Here, we have outlined the rationale to develop DCs-based vaccine for prevention of COVID-19. Although mainly developed for treatment of cancer and chronic infections, this method can also be extended for prevention of SARS-CoV-2 infection [Citation7–12,Citation96]. Some previous studies show that DCs based vaccine can induce immunity against viral infection through activation of T-cells immunity [Citation13,Citation14,Citation98,Citation99,Citation108]. Interestingly, even when the immune system is compromised such as in HIV infection, DCs vaccines are still capable to induce T-cell response resulting in reduction of viral load [Citation13,Citation98]. So that, it is possible that DCs vaccine will remain effective for people with weaker immunity, such as children, elderly, and people with chronic illnesses.

DCs are responsible for a wide array of T cell responses, thus utilizing DCs as vaccine carrier might induce a broad and long-term immunity for SARS-CoV-2 prevention [Citation46,Citation89,Citation90]. There is also a possibility of induction of GC response by DCs. Even though the mechanism is still unclear, GCs response can induce production of antibody with broader neutralization capacity through clonal evolution [Citation92]. So that, alongside clinical efficacy, T-cell and GC response elicited by DCs should be taken into consideration in future studies.

Currently, ex vivo loading is the most feasible method for DC-based vaccine development. Most of the studies that entered clinical trial employ this approach [Citation7–12]. There are several advantages to this approach as previously mentioned. This method bypasses DCs antigen presentation in a highly controllable environment so T cells priming can occur. This approach ensures the generation of a high-quality DCs in sufficient quantities for T cells priming. Furthermore, ex vivo loading produces a vaccine with very few adverse reactions due to its autologous properties.

However, the cost of production of this approach is considerably high, but this depends on the number of productions. Vaccine production by this method also requires certain facilities, so wide distribution might not be practical. On the other hand, the possibility of inducing long-term and broader immunity will eliminate the need for frequent boosters. So that, the total cost of production might eventually become cost-effective in comparison to conventional vaccine. Production at point-of-care, such as hospital and medical laboratories, can be the solution to practical limitation of this approach. In conclusion, this approach is appropriate for the COVID-19 vaccine, and the safety profile of this approach should allow clinical study to proceed.

Article highlights

  • DCs are essential in the innate immune response through the production of IFN-1 and immune cells modulation.

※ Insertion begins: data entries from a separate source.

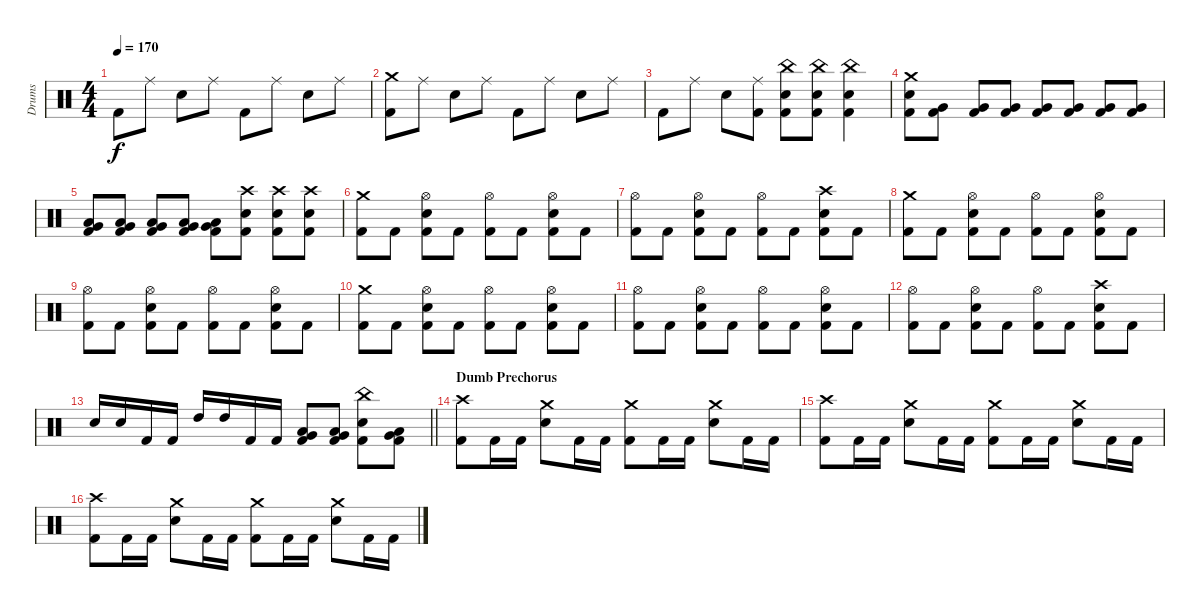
\track ("Drums" "Drums") {instrument percussion}
\staff {score}
\articulation defaults
\ts (4 4)
\tempo 170
\clef neutral
\ks c "Kick (hit) 2".8{dy f} "Ride (middle)".8 "Snare (hit) 2".8 "Ride (middle)".8 "Kick (hit) 2".8 "Ride (middle)".8 "Snare (hit) 2".8 "Ride (middle)".8
|
("Crash medium (hit)" "Kick (hit) 2").8 "Ride (middle)".8 "Snare (hit) 2".8 "Ride (middle)".8 "Kick (hit) 2".8 "Ride (middle)".8 "Snare (hit) 2".8 "Ride (middle)".8 |
"Kick (hit) 2".8 "Ride (middle)".8 "Snare (hit) 2".8 ("Ride (middle)" "Kick (hit) 2").8 ("China (hit)" "Snare (hit) 2" "Kick (hit) 2").8 ("China (hit)" "Snare (hit) 2" "Kick (hit) 2").8 ("China (hit)" "Snare (hit) 2" "Kick (hit) 2").4 |
("Crash medium (hit)" "Snare (hit) 2" "Kick (hit) 2").8 ("Very Low Tom (hit)" "Kick (hit) 2").8 ("Very Low Tom (hit)" "Kick (hit) 2").8 ("Very Low Tom (hit)" "Kick (hit) 2").8 ("Very Low Tom (hit)" "Kick (hit) 2").8 ("Very Low Tom (hit)" "Kick (hit) 2").8 ("Very Low Tom (hit)" "Kick (hit) 2").8 ("Very Low Tom (hit)" "Kick (hit) 2").8 |
("Low Tom (hit)" "Very Low Tom (hit)" "Kick (hit) 2").8 ("Low Tom (hit)" "Very Low Tom (hit)" "Kick (hit) 2").8 ("Low Tom (hit)" "Very Low Tom (hit)" "Kick (hit) 2").8 ("Low Tom (hit)" "Very Low Tom (hit)" "Kick (hit) 2").8 ("Low Tom (hit)" "Very Low Tom (hit)" "Kick (hit) 2").8 ("Crash high (hit)" "Snare (hit) 2" "Kick (hit) 2").8 ("Crash high (hit)" "Snare (hit) 2" "Kick (hit) 2").8 ("Crash high (hit)" "Snare (hit) 2" "Kick (hit) 2").8 |
("Crash medium (hit)" "Kick (hit) 2").8 "Kick (hit) 2".8 ("Hi-Hat (open)" "Snare (hit) 2" "Kick (hit) 2").8 "Kick (hit) 2".8 ("Hi-Hat (open)" "Kick (hit) 2").8 "Kick (hit) 2".8 ("Hi-Hat (open)" "Snare (hit) 2" "Kick (hit) 2").8 "Kick (hit) 2".8 |
("Hi-Hat (open)" "Kick (hit) 2").8 "Kick (hit) 2".8 ("Hi-Hat (open)" "Snare (hit) 2" "Kick (hit) 2").8 "Kick (hit) 2".8 ("Hi-Hat (open)" "Kick (hit) 2").8 "Kick (hit) 2".8 ("Crash high (hit)" "Snare (hit) 2" "Kick (hit) 2").8 "Kick (hit) 2".8 |
("Crash medium (hit)" "Kick (hit) 2").8 "Kick (hit) 2".8 ("Hi-Hat (open)" "Snare (hit) 2" "Kick (hit) 2").8 "Kick (hit) 2".8 ("Hi-Hat (open)" "Kick (hit) 2").8 "Kick (hit) 2".8 ("Hi-Hat (open)" "Snare (hit) 2" "Kick (hit) 2").8 "Kick (hit) 2".8 |
("Hi-Hat (open)" "Kick (hit) 2").8 "Kick (hit) 2".8 ("Hi-Hat (open)" "Snare (hit) 2" "Kick (hit) 2").8 "Kick (hit) 2".8 ("Hi-Hat (open)" "Kick (hit) 2").8 "Kick (hit) 2".8 ("Hi-Hat (open)" "Snare (hit) 2" "Kick (hit) 2").8 "Kick (hit) 2".8 |
("Crash medium (hit)" "Kick (hit) 2").8 "Kick (hit) 2".8 ("Hi-Hat (open)" "Snare (hit) 2" "Kick (hit) 2").8 "Kick (hit) 2".8 ("Hi-Hat (open)" "Kick (hit) 2").8 "Kick (hit) 2".8 ("Hi-Hat (open)" "Snare (hit) 2" "Kick (hit) 2").8 "Kick (hit) 2".8 |
("Hi-Hat (open)" "Kick (hit) 2").8 "Kick (hit) 2".8 ("Hi-Hat (open)" "Snare (hit) 2" "Kick (hit) 2").8 "Kick (hit) 2".8 ("Hi-Hat (open)" "Kick (hit) 2").8 "Kick (hit) 2".8 ("Hi-Hat (open)" "Snare (hit) 2" "Kick (hit) 2").8 "Kick (hit) 2".8 |
("Hi-Hat (open)" "Kick (hit) 2").8 "Kick (hit) 2".8 ("Hi-Hat (open)" "Snare (hit) 2" "Kick (hit) 2").8 "Kick (hit) 2".8 ("Hi-Hat (open)" "Kick (hit) 2").8 "Kick (hit) 2".8 ("Crash high (hit)" "Snare (hit) 2" "Kick (hit) 2").8 "Kick (hit) 2".8 |
\barLineRight lightlight "Snare (hit) 2".16 "Snare (hit) 2".16 "Kick (hit) 2".16 "Kick (hit) 2".16 "High Tom (hit)".16 "High Tom (hit)".16 "Kick (hit) 2".16 "Kick (hit) 2".16
("Low Tom (hit)" "Very Low Tom (hit)" "Kick (hit) 2").8 ("Low Tom (hit)" "Very Low Tom (hit)" "Kick (hit) 2").8 ("China (hit)" "Snare (hit) 2" "Kick (hit) 2").8 ("Low Tom (hit)" "Very Low Tom (hit)" "Kick (hit) 2").8 |
\section ("" "Dumb Prechorus")
("Crash high (hit)" "Kick (hit) 2").8 "Kick (hit) 2".16 "Kick (hit) 2".16 ("Crash medium (hit)" "Snare (hit) 2").8 "Kick (hit) 2".16 "Kick (hit) 2".16 ("Crash medium (hit)" "Kick (hit) 2").8 "Kick (hit) 2".16 "Kick (hit) 2".16 ("Crash medium (hit)" "Snare (hit) 2").8 "Kick (hit) 2".16 "Kick (hit) 2".16 |
("Crash high (hit)" "Kick (hit) 2").8 "Kick (hit) 2".16 "Kick (hit) 2".16 ("Crash medium (hit)" "Snare (hit) 2").8 "Kick (hit) 2".16 "Kick (hit) 2".16 ("Crash medium (hit)" "Kick (hit) 2").8 "Kick (hit) 2".16 "Kick (hit) 2".16 ("Crash medium (hit)" "Snare (hit) 2").8 "Kick (hit) 2".16 "Kick (hit) 2".16 |
("Crash high (hit)" "Kick (hit) 2").8 "Kick (hit) 2".16 "Kick (hit) 2".16 ("Crash medium (hit)" "Snare (hit) 2").8 "Kick (hit) 2".16 "Kick (hit) 2".16 ("Crash medium (hit)" "Kick (hit) 2").8 "Kick (hit) 2".16 "Kick (hit) 2".16 ("Crash medium (hit)" "Snare (hit) 2").8 "Kick (hit) 2".16 "Kick (hit) 2".16

  • DCs are the most important APCs that activate various T cells immune responses.

  • SARS-CoV-2 can directly infect DCs causing inadequate innate and adaptive immune response.

  • COVID-19 vaccination targeting DCs might result in better outcomes and potentially causes long-term and broader spectrum immunity.

  • Ex vivo loading of antigens is an appropriate approach in manufacturing DCs-based vaccines for COVID-19. Because this approach bypasses the rigorous process of antigen presentation inside the body, results in high quality and quantity antigen-loaded mature DCs and has a well-established safety profile.

Declaration of interest

The authors have no relevant affiliations or financial involvement with any organization or entity with a financial interest in or financial conflict with the subject matter or materials discussed in the manuscript. This includes employment, consultancies, honoraria, stock ownership or options, expert testimony, grants or patents received or pending, or royalties.

Reviewer disclosures

Peer reviewers on this manuscript have no relevant financial or other relationships to disclose.

Additional information

Funding

This paper was funded by Cellcure Center RSPAD Gatot Soebroto.